--- Dataset records Enclosed Below ---

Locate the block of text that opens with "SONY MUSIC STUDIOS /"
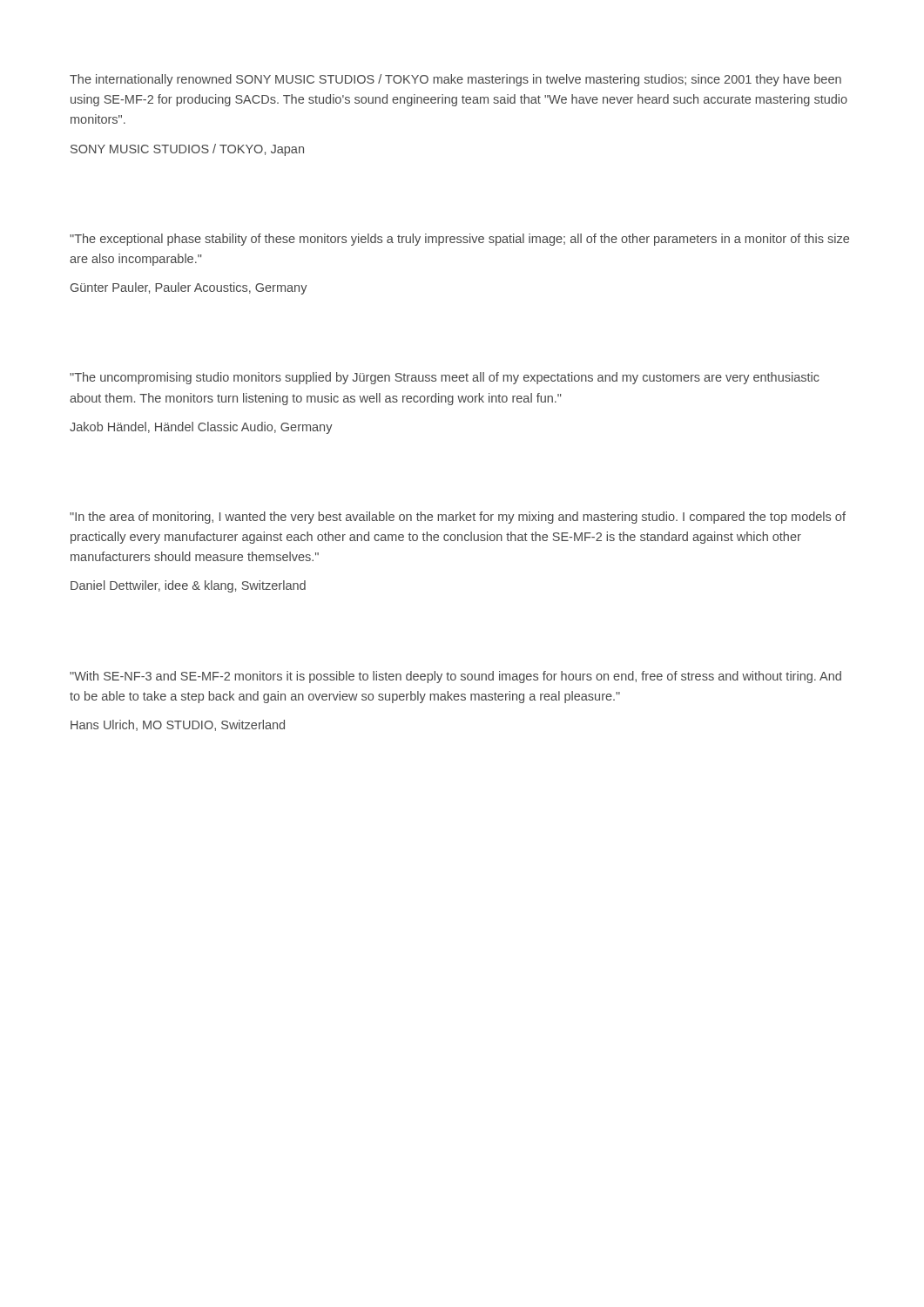Image resolution: width=924 pixels, height=1307 pixels. pyautogui.click(x=187, y=150)
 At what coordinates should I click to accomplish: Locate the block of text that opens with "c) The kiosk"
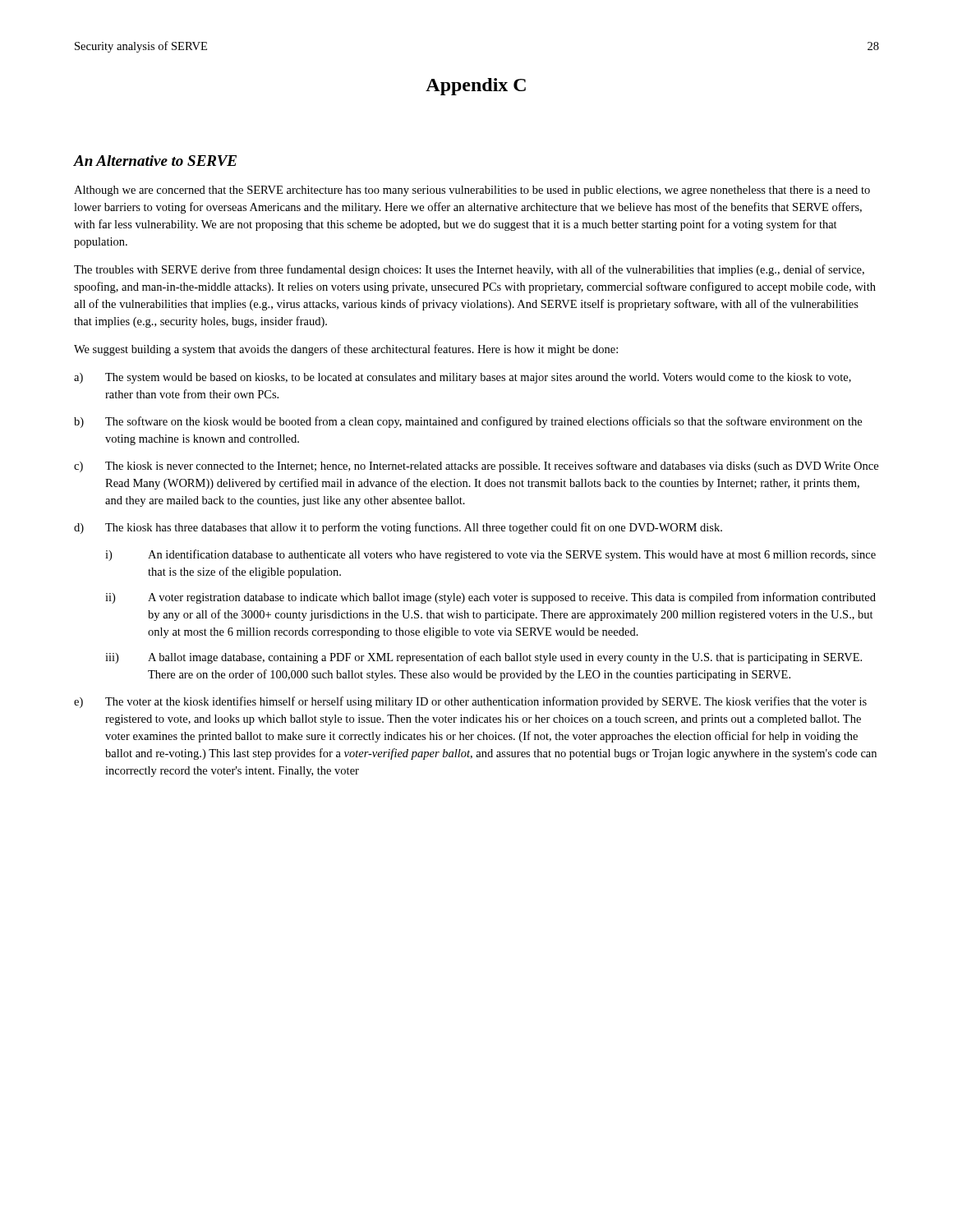(476, 484)
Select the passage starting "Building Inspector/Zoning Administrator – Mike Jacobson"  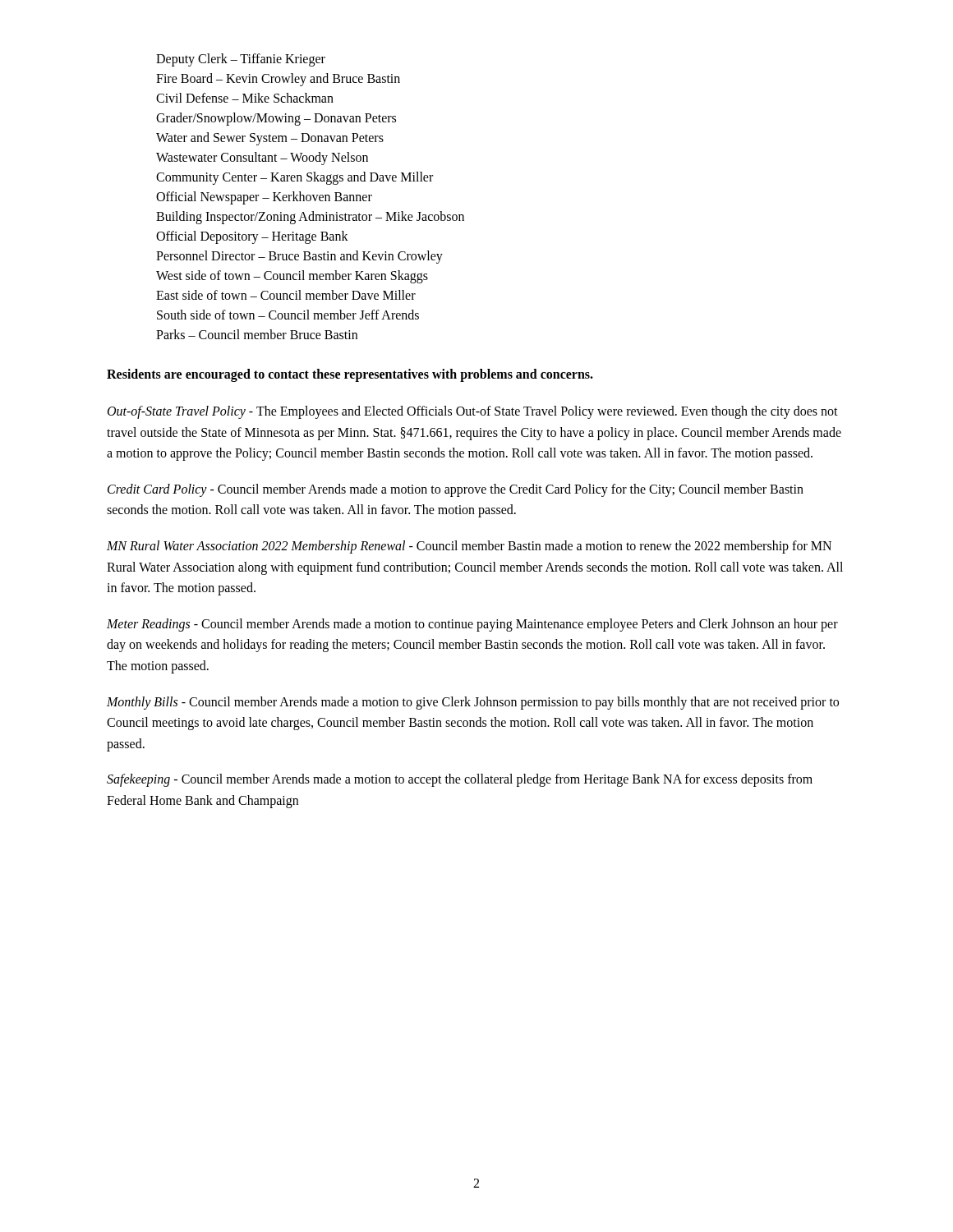click(x=310, y=216)

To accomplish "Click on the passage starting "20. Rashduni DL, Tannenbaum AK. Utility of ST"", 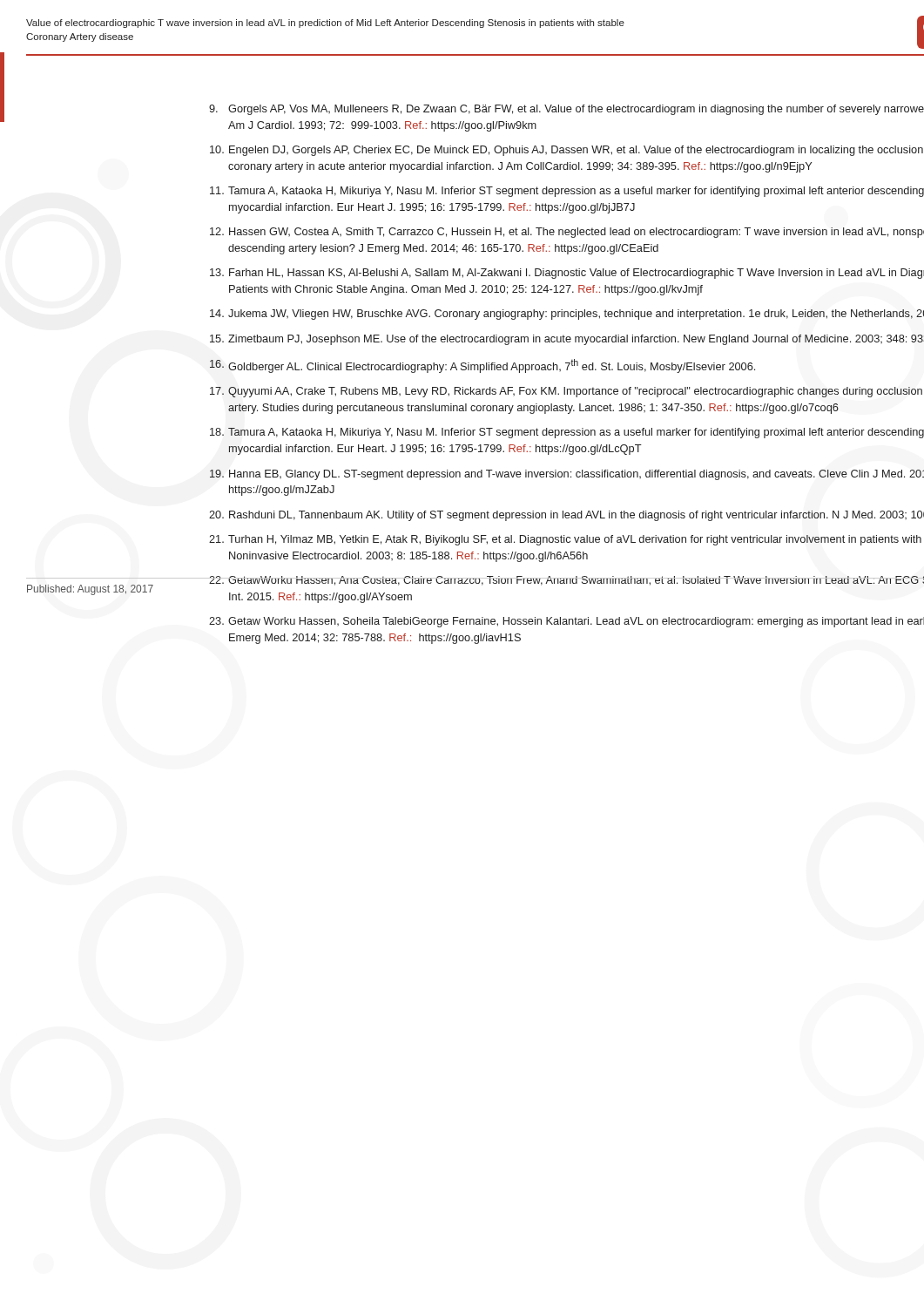I will [x=567, y=515].
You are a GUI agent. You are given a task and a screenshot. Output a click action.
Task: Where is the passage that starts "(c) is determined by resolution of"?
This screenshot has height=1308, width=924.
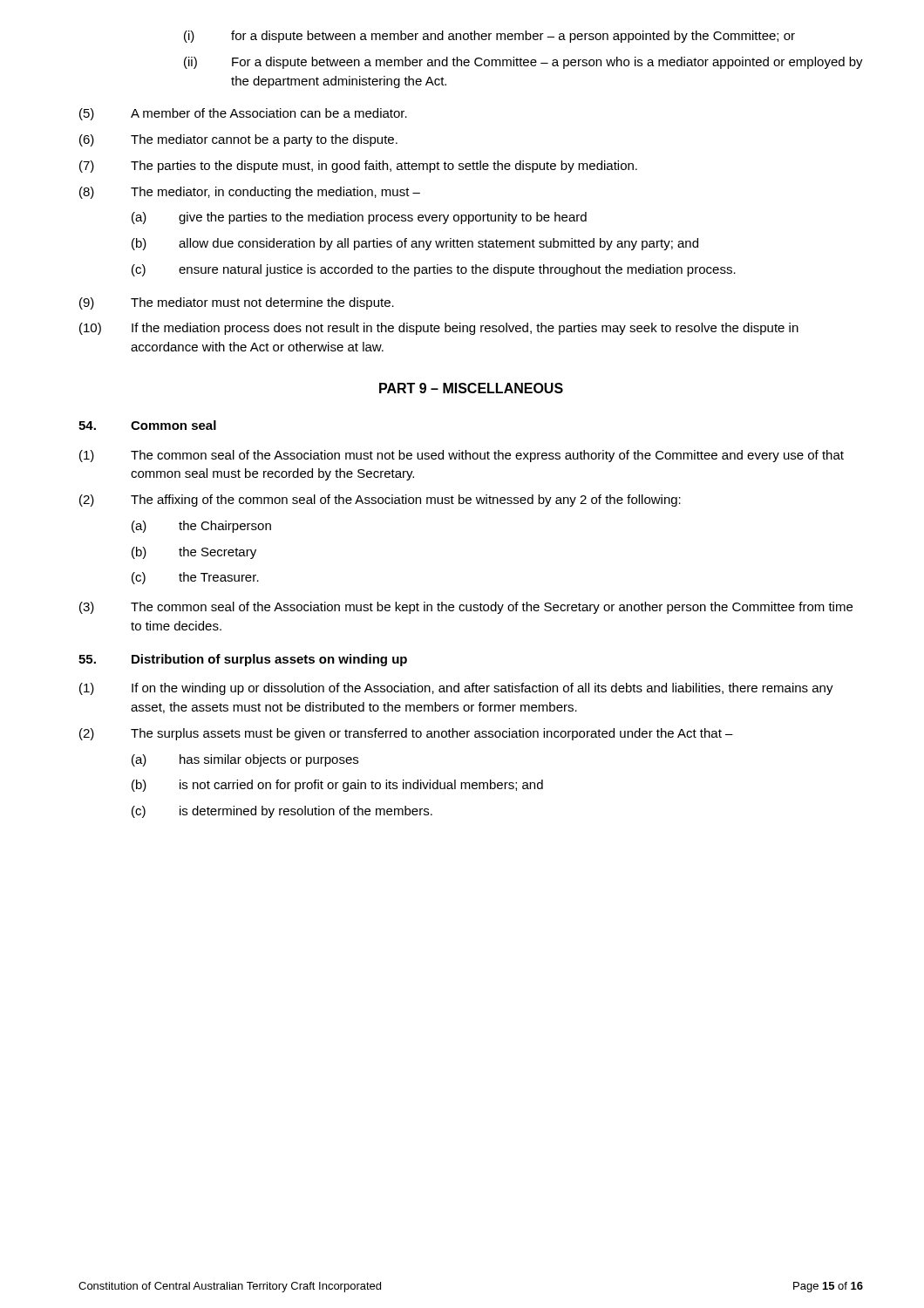[x=282, y=812]
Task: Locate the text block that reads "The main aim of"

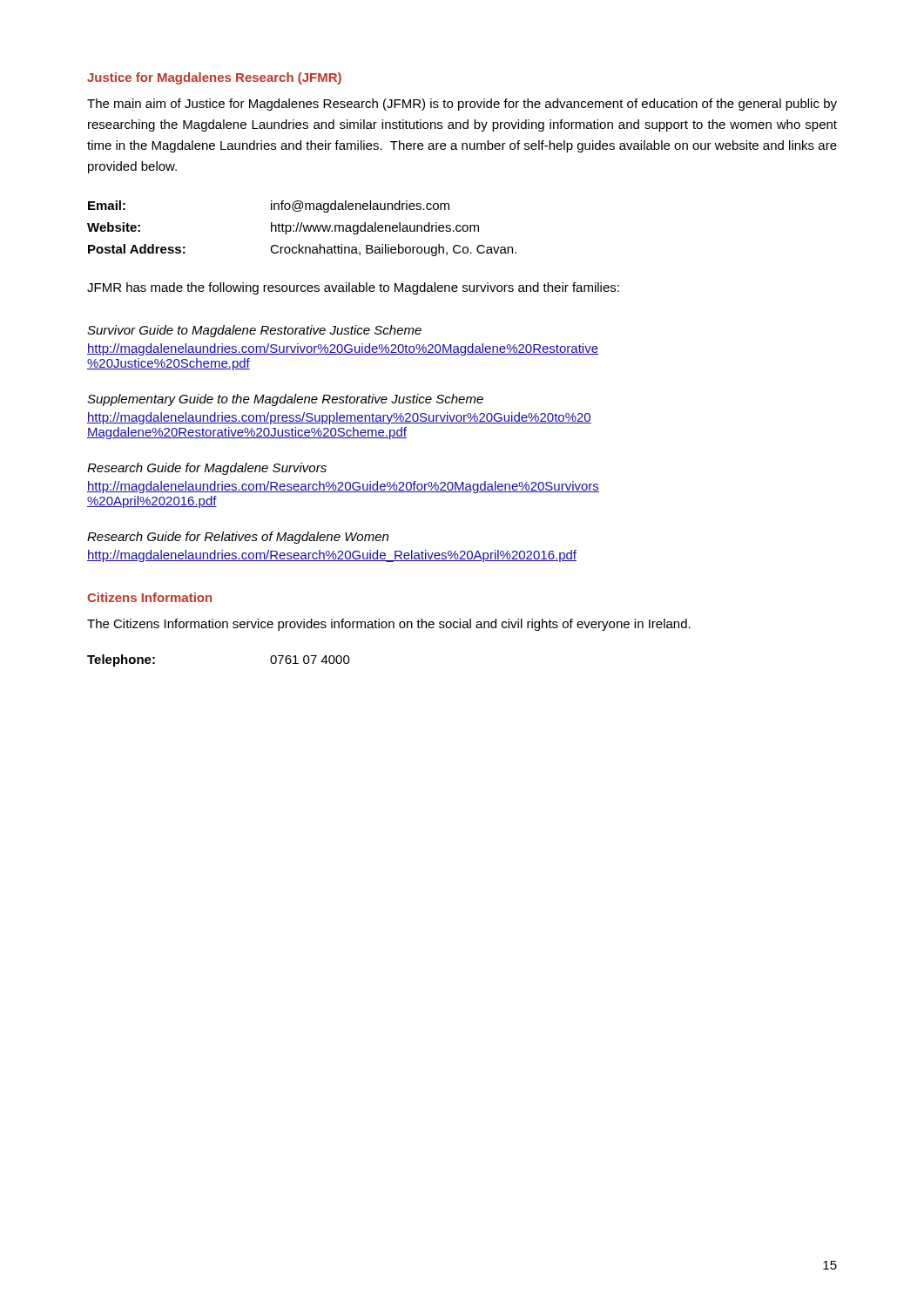Action: (x=462, y=135)

--- End of Enclosed Dataset records ---

### What this task involves
Your output should consist solely of the lines from the line containing "Task: Where is" through the last line of the entries, verbatim, minus any pictures.

### Task response
Task: Where is the passage that starts "(c) is determined by resolution of"?
This screenshot has height=1308, width=924.
[x=282, y=812]
Task: Locate the text block that reads "The main aim of"

Action: (x=462, y=135)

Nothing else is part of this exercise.